Coal is supplied by Indian Railways. According to government data, India has been falling short of its monthly coal transportation targets for more than a year, underscoring the reasons behind India’s greatest power crisis in over six years.

To meet record-high power demand, Indian utilities are rushing for coal supplies, but the failure of Indian Railways to supply enough trains makes it impossible to expand coal reserves, which are at their lowest levels in years.

Despite a 27.6% increase in Coal India’s production, inventories at Indian power plants decreased 13% in April, as a heatwave pushed electricity consumption to new highs.

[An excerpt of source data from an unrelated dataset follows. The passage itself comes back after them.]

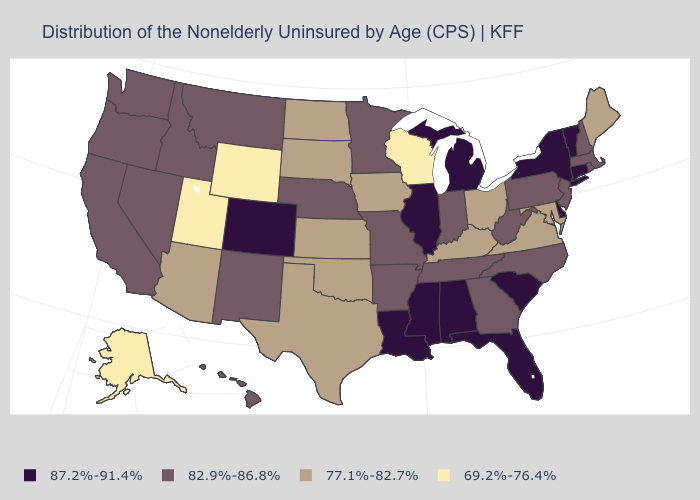Does Maryland have the same value as Maine?
Write a very short answer. Yes. How many symbols are there in the legend?
Be succinct. 4. Name the states that have a value in the range 69.2%-76.4%?
Give a very brief answer. Alaska, Utah, Wisconsin, Wyoming. Among the states that border Pennsylvania , which have the highest value?
Concise answer only. Delaware, New York. What is the value of Arizona?
Answer briefly. 77.1%-82.7%. Among the states that border New Jersey , does New York have the lowest value?
Concise answer only. No. Does New Mexico have the highest value in the West?
Quick response, please. No. Does the map have missing data?
Write a very short answer. No. What is the value of Vermont?
Short answer required. 87.2%-91.4%. Name the states that have a value in the range 69.2%-76.4%?
Write a very short answer. Alaska, Utah, Wisconsin, Wyoming. What is the value of Nebraska?
Quick response, please. 82.9%-86.8%. Name the states that have a value in the range 69.2%-76.4%?
Keep it brief. Alaska, Utah, Wisconsin, Wyoming. What is the value of Missouri?
Give a very brief answer. 82.9%-86.8%. Among the states that border Michigan , does Indiana have the highest value?
Keep it brief. Yes. Name the states that have a value in the range 69.2%-76.4%?
Give a very brief answer. Alaska, Utah, Wisconsin, Wyoming. 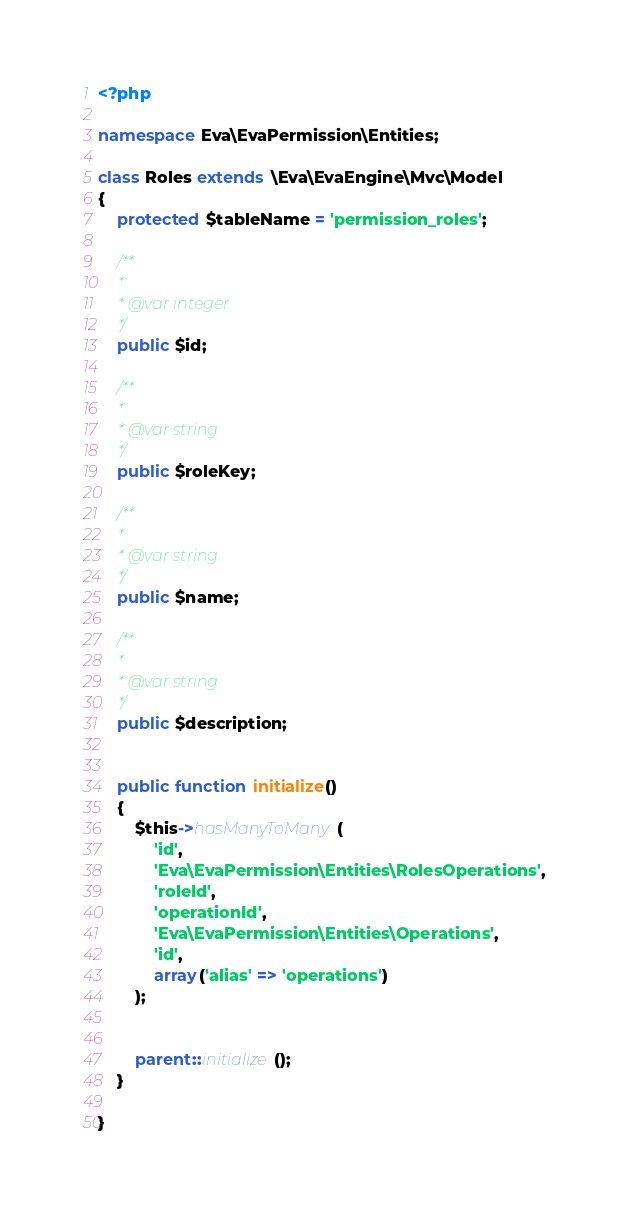Convert code to text. <code><loc_0><loc_0><loc_500><loc_500><_PHP_><?php

The state-owned Indian Railways sent 261 trains per day to Coal India for the power industry in April, the lowest level in three months.

Indian Railways announced at the end of April that passenger trains would be cancelled to free up tracks and assist in the transportation of additional coal to power plants.

Coal contributes for over 75 percent of India’s electricity output and more than half of Indian Railways’ freight income. Coal India, a state-owned company, generates 80% of India’s coal.

After discussions between Indian Railways, the federal electricity ministry, and Coal India, supply objectives are set.

According to official data, Coal India prioritised delivery to utilities to avoid a power crisis, while non-power sector deliveries fell to six-month lows of 304,933 tonnes per day in April, 21.3 percent lower than the same period last year.

The non-power industry, which includes aluminium smelters and steel mills, has also been harmed by Indian Railways’ reduced rail service. The report showed that Coal India’s shipments to the non-power sector via Indian Railways fell to their lowest level in six months.
Last month, officials at the state-owned aluminium company NALCO filed a lawsuit in response to a coal supply crisis caused by coal diversion and a train shortage.

Due to a scarcity of coal, India’s non-power sector has been buying more expensive power from the national grid, according to industry officials.